# 1. Importing Required Libraries

In [None]:
import pandas as pd
import numpy as np
import matplotlib.pyplot as plt
import seaborn as sns
from sklearn.model_selection import train_test_split
from sklearn.linear_model import LogisticRegression
from sklearn.preprocessing import StandardScaler
from sklearn.metrics import (
    accuracy_score, confusion_matrix, 
    classification_report, roc_auc_score, roc_curve
)

💫 We import all the necessary libraries for performing **Logistic Regression analysis**.  
This includes tools for data handling, visualization, scaling, model building, and evaluation.

# 2. Loading and Preparing the Data

In [None]:
# Load data
df = pd.read_csv("your_data.csv")

# Replace with your column names
feature_columns = ["feature1", "feature2", "feature3"]   # Multiple features work well
target_column = "target_column"  # Should be categorical/binary

X = df[feature_columns]
y = df[target_column]

# Check target variable type
unique_classes = y.nunique()
print(f"Target variable has {unique_classes} unique classes: {y.unique()}")

💫 We load our dataset using `pd.read_csv()`.  
We separate **features (X)** and **target (y)**.  
We also check if the target variable is **binary** or **multiclass**.

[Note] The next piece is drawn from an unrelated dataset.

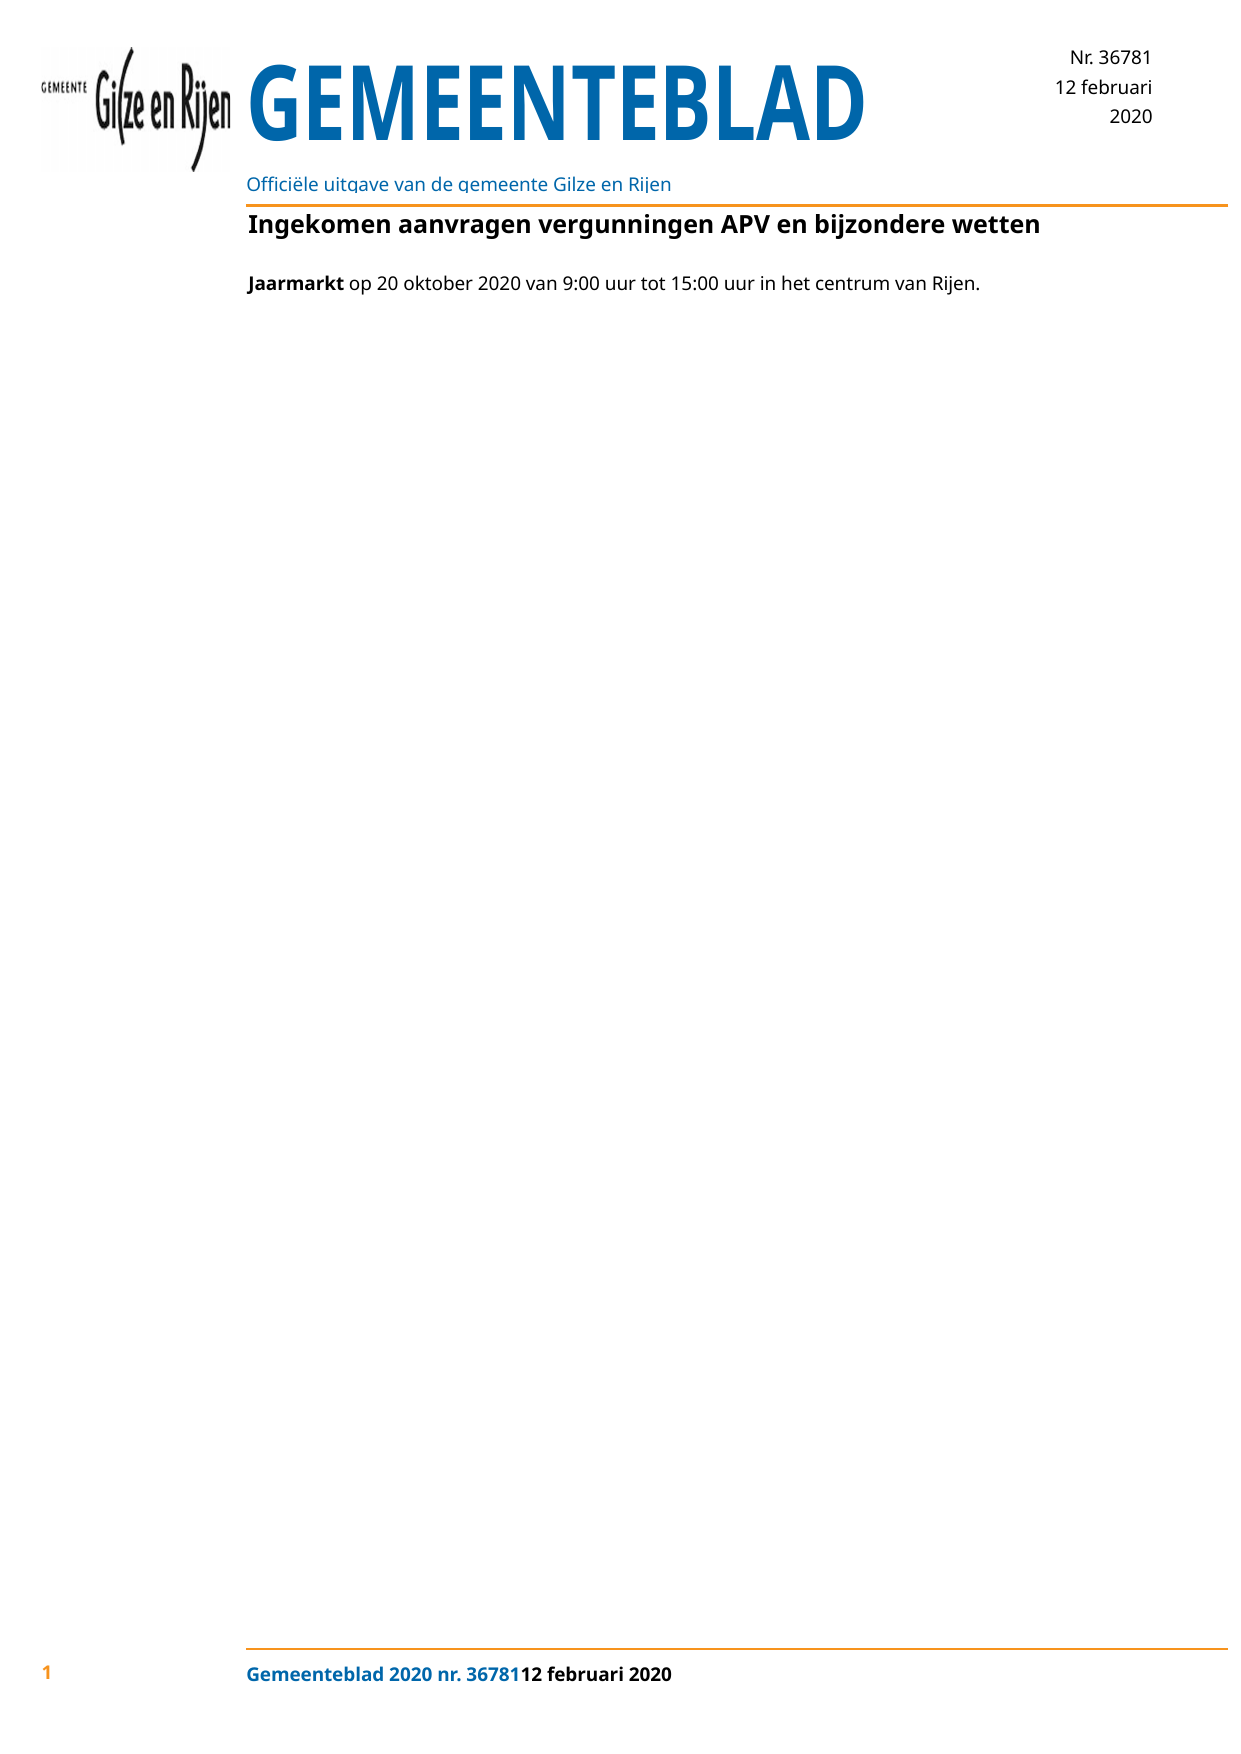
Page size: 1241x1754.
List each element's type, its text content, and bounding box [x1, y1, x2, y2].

text Jaarmarkt op 20 oktober 2020 van 9:00 uur tot 15:00 uur in het centrum van Rijen. [248, 270, 1152, 296]
text Ingekomen aanvragen vergunningen APV en bijzondere wetten [248, 207, 1152, 241]
picture [41, 47, 231, 172]
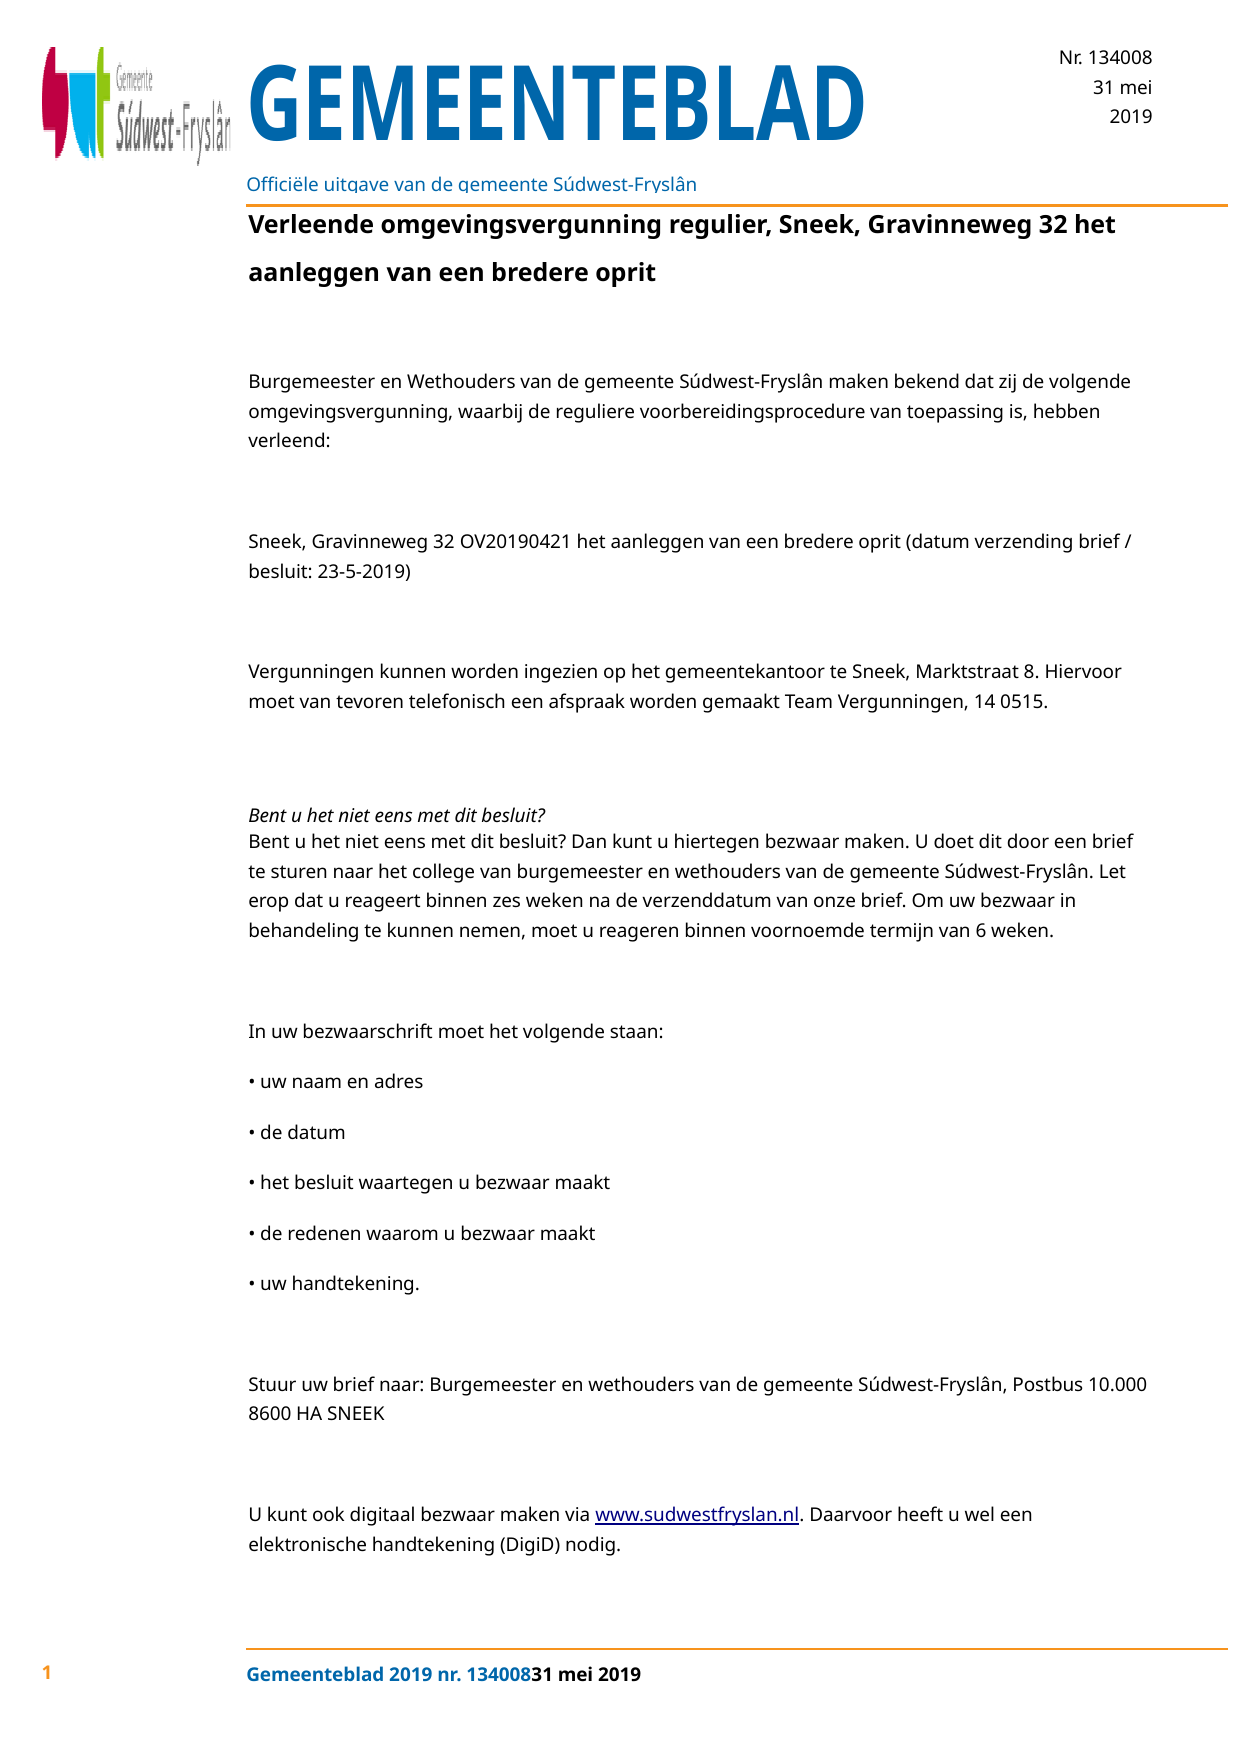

# 3. Splitting Data into Training and Testing Sets

In [None]:
# Split data
X_train, X_test, y_train, y_test = train_test_split(
    X, y, test_size=0.2, random_state=42, stratify=y
)

💫 We split the dataset into **training (80%)** and **testing (20%)** sets,  
while keeping the target class distribution balanced (`stratify=y`).

# 4. Feature Scaling

In [None]:
# Scale features
scaler = StandardScaler()
X_train_scaled = scaler.fit_transform(X_train)
X_test_scaled = scaler.transform(X_test)

💫 We use **StandardScaler** to normalize features,  
ensuring better performance of Logistic Regression.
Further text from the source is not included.